Primeiro, o «mundo rural» é uma expressão abjecta, como quem remete para uma realidade longínqua, e que se torna mais absurda num país com pouco mais de 200 quilómetros de largura. Mas este fabuloso mundo, de onde saiu um povo inteiro, desaguando em Lisboa, tornou-se uma fantasia dos próprios herdeiros do êxodo rural. Descobriram o campo, os infelizes. Não o campo real, claro — que é sujo, áspero, fedorento e nada charmoso — mas o campo em versão lifestyle, minimalista e aromatizada, onde o mato é sempre decorativo, em raminhos de trigo e rosmaninho, onde o burro é tão fotogénico como o asno que o retrata, e as galinhas são cuidadas como minorias e pelo nome próprio. Em suma, não há pachorra.

O «mundo rural» é uma espécie de «sítio lá longe onde vivem velhos, pobres e atrasados mentais» que se funde com a visão do «campo como local de escapadinha predilecta da neo-classe da ciclovia»: gente que tem mais consciência ecológica do que calos nas mãos, que se emociona com oliveiras, mas não sabe podá-las, que fala da ruralidade com a excessiva confiança de quem já passou um fim de semana num turismo rural, com pão de fermentação lenta e ioga no olival, não sabe bem como conviver com a coisa.

É uma avalanche de Floribelas, seres humanos que acreditam que a terra se trabalha com afecto, as vacas produzem leite por generosidade e as porcas se chamam Matilde. Na imaginação desses missionários urbanóides, a vida fora do alcatrão é uma espécie de spa ético, um lugar onde se cultiva a consciência moral entre uma praga de javalis, uns queridos!, e um brunch vegan; um lugar onde a única coisa que arde são incensos, e onde os únicos tiros são de fotografia, com filtro sépia.

No seu olhar bovinamente romântico, o interior não é uma realidade — é um parque temático de nostalgia da pobreza, uma versão pitoresca ideal para fotografar. A pobreza que convém: aquela que os faz sentir superiores, mas não os incomoda.
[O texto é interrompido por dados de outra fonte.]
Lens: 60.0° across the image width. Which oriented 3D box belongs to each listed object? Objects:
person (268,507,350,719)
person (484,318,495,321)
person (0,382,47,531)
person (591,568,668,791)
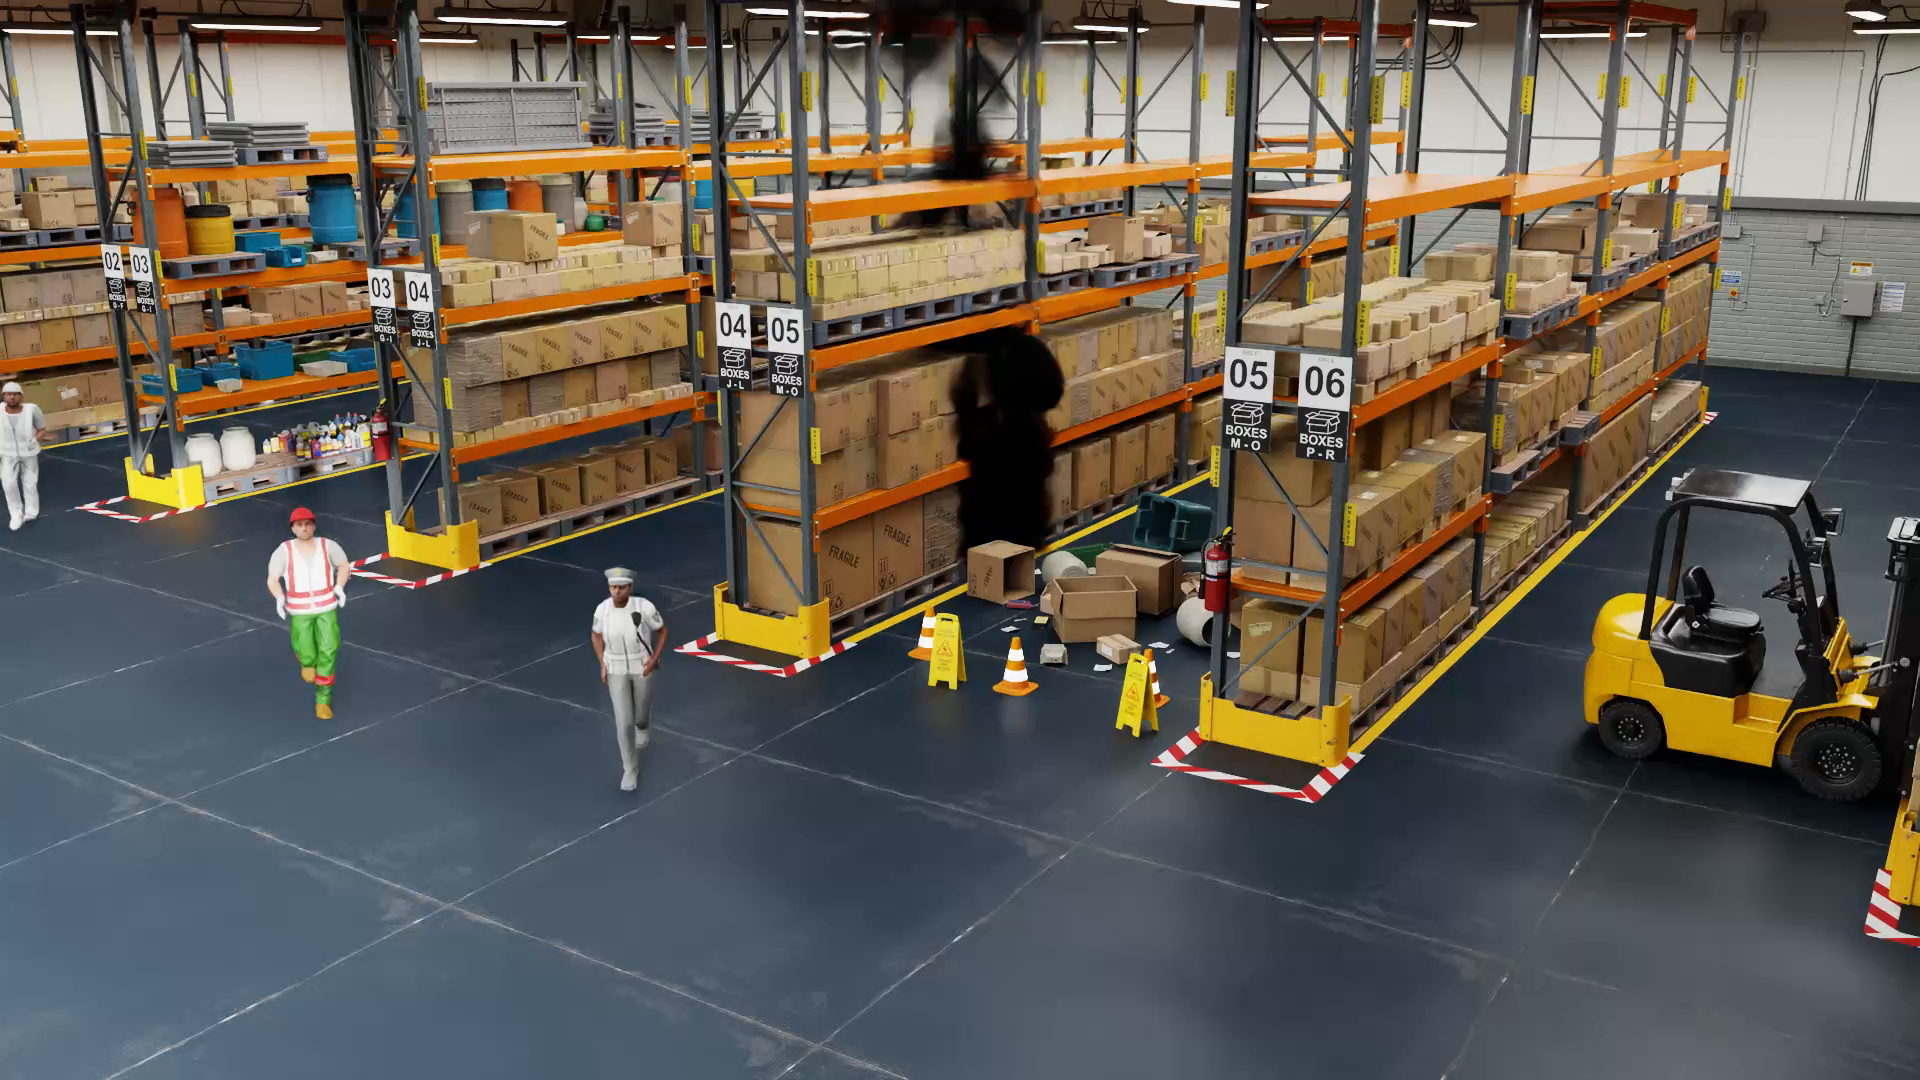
[{"bbox_3d":[-5.419,0.572,13.940,0.655,1.759,0.744,-7,17,-24],"label":"person"},{"bbox_3d":[-7.758,-3.174,27.377,0.666,1.778,0.841,7,17,25],"label":"person"},{"bbox_3d":[-11.042,-0.992,19.557,0.611,1.767,0.773,-7,17,-24],"label":"person"},{"bbox_3d":[-2.490,0.978,12.608,0.578,1.702,0.729,-2,16,-6],"label":"person"}]

Falam dos “velhos saberes” com ternura paternalista, mas voltam de lá ao domingo à tarde com urticária emocional, desejosos de regressar ao conforto higiénico do seu apartamento, onde encerram gatos e cães.

Eventualmente, acreditam que as árvores sentem, os animais pensam, e os homens deviam todos ser suspensos em caso de excesso de masculinidade agrária. E se por acaso encontrarem um agricultor que ainda tem espingarda, exigem que se lhe retire o direito a existir. Porque essa gente, «do campo a sério», não entende nada de campo.

O «mundo rural», no entanto, não precisa de quem o visite. Nem precisa de afectos de políticos ou da simpatia do telejornal, que o descobre sempre que há desgraça. O que não se aguenta são entendedores pós-modernos que acham que as oliveiras não ardem, ou turistas de consciência, peregrinos de bicicleta elétrica e meias de algodão orgânico, que fazem do campo um espetáculo de virtude, sem sujarem as mãos, nem as ideias. O «mundo rural», a nem 200 quilómetros do Campo Grande, precisa de gente que lá viva, que lá invista, que lá trabalhe, e que a deixe viver, investir, trabalhar, sem paternalismos, cantigas de Floribela, abraços a troncos, e o Estado, todo influenciado por urbanitas ou incompetentes, a atrapalhar.